Frequently Asked Questions
CARU and QTAP have a correlation of 0.53, meaning they provide meaningful diversification benefit when combined. Depending on your allocation goals, holding both could reduce overall portfolio risk.
CARU has higher volatility (22.70%) compared to QTAP (1.33%). In terms of maximum drawdown, CARU dropped -66.44% vs QTAP's -29.44%.
On 1-year performance, QTAP leads with 25.59% vs -15.14% for CARU. On fees, QTAP is cheaper at 0.79% per year. On volatility, QTAP has been the lower-risk option at 1.33%. The better choice depends on whether you care most about return, fees, risk, or income.
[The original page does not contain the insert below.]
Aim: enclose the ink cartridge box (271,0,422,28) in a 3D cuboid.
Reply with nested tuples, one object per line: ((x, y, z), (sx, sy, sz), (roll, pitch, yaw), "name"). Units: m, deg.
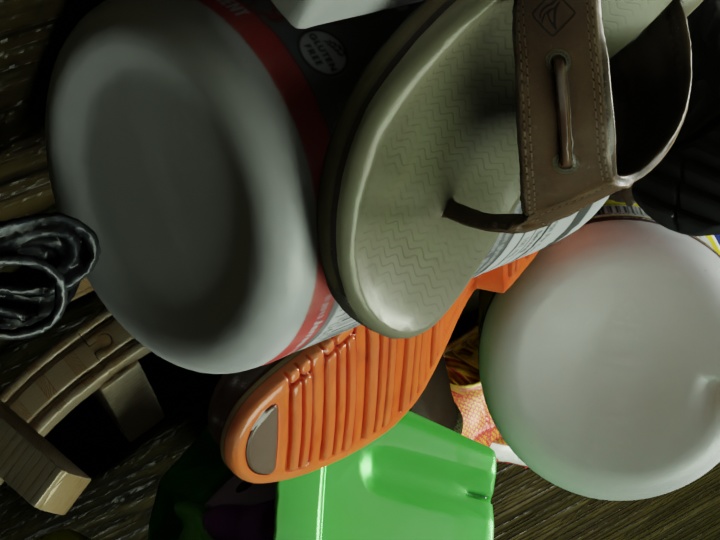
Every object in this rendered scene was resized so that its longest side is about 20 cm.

Over the 1-year period, QTAP has performed better with a 25.59% return vs -15.14%. Past performance does not guarantee future results, so compare this with risk, fees, and fund exposure.
QTAP is cheaper with a 0.79% expense ratio, compared with 0.95% for CARU.
CARU and QTAP have nearly identical dividend yields, around 0.00%.
They also come from different issuers: Max and Innovator. Their fees differ too: 0.95% for CARU and 0.79% for QTAP.
QTAP currently has the higher Sharpe Ratio (4.62 vs -0.22), meaning it's delivered slightly more return per unit of risk over the trailing 12 months. However, this ranking shifts over time - use the Risk/Return Score above for a more comprehensive view that combines Sharpe, Sortino, and other measures used by quantitative funds.